The emission and excitation data of the synthesized complexes and the free ligands in degassed acetonitrile solution and in solid state are presented in Table 1. By exciting the ligands (1) and (2) in the solid state, with λ_exc 311 and 350 nm, respectively, a weak green emission at 550 nm with low photoluminescent quantum yield was observed only for (2), while (1) was practically non-emitting.

Upon the excitation of complexes (4)–(7), both in acetonitrile solution and in the solid state, practically no emission was observed. On the other hand, the complexes (8)–(11) in acetonitrile emitted similarly at about 637–648 nm with low quantum yields which were calculated at about 1 to 2% (Figure 4). This is expected for Ru(II) complexes with 4′-substituted terpyridines [46]. Similar results have been reported previously by Zhang et al. [48] where Ru(II) complexes with 4,4′ substituted 2,2′-bipyridine were applied as sensitive luminescence probes for detection of cysteine (Cys) and homocysteine (Hcy). The reaction of the non-luminescent probe with Cys and Hcy was accompanied by a notable luminescence increase. In the solid state, the complexes had similar spectra, producing a green emission with low quantum yields in the range of 0.1 to 3% depending on the nature of the coordinated ligands. Complex (11) was the most emissive (Q~3.3%) while (9) marginally emitted. All spectra showed a vibronic structure with vibronic spacing about 1750 and 800 cm⁻¹ due to the high energy vibrations of the ligands.
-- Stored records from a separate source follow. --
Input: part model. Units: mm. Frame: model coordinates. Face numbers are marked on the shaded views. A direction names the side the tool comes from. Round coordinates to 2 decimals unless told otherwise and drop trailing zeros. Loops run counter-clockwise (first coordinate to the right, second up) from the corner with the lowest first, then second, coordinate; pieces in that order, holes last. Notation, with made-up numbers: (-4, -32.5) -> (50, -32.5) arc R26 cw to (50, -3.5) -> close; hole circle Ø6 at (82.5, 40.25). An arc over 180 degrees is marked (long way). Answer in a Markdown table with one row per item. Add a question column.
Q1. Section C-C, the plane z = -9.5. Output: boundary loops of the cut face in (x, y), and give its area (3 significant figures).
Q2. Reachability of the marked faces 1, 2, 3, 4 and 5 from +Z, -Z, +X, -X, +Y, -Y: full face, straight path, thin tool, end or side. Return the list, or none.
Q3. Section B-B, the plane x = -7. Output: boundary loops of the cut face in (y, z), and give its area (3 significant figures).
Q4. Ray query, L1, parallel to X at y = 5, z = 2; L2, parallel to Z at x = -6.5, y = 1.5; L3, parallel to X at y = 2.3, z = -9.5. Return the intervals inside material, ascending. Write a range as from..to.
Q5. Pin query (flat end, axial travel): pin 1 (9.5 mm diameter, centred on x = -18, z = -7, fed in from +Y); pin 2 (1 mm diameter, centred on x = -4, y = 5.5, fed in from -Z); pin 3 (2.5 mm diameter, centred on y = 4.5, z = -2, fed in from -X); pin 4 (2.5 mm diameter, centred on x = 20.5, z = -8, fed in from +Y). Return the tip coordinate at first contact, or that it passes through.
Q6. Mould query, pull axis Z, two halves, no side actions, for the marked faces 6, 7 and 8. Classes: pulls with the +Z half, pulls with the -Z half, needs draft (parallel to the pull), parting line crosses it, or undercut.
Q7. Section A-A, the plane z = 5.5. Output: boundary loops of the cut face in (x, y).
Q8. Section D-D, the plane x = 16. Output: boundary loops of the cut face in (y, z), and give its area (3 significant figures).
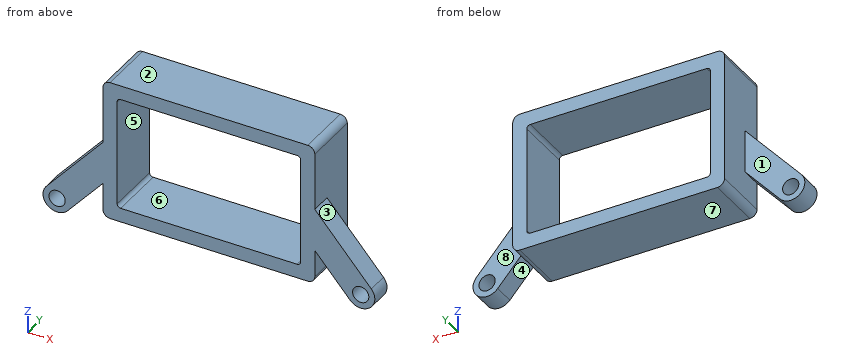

In general, emission was derived from the triplet excited states, mixed with ³MLCT and ³IL [49,50].

4. Conclusions

The synthesis of the novel UAA 3-(4-([2,2′:6′,2″-terpyridine]-4′-yl)phenyl)-2-aminopropanoic acid (phet) through the modification of 4′-(p-tolyl)-2,2′:6′,2″-terpyridine was achieved. Mononuclear heteroleptic ruthenium complexes of the general formulae [Ru(L¹)(L²)](PF₆)₂, as well as the homoleptic [Ru(phem)₂](PF₆)₂ and [Ru(phet)₂](PF₆)₂, were synthesized and characterized. These complexes can be potentially used as a building block in the formation of polynuclear ruthenium complexes linked through amide bonds of the phet amino and carboxyl group. The photophysical properties of the synthesized complexes show that the complexes (8)–(11) emit moderately, while the homoleptic (11) is the most emissive in the solid state and acetonitrile solution, with a photoluminescent quantum yield of 2–3%.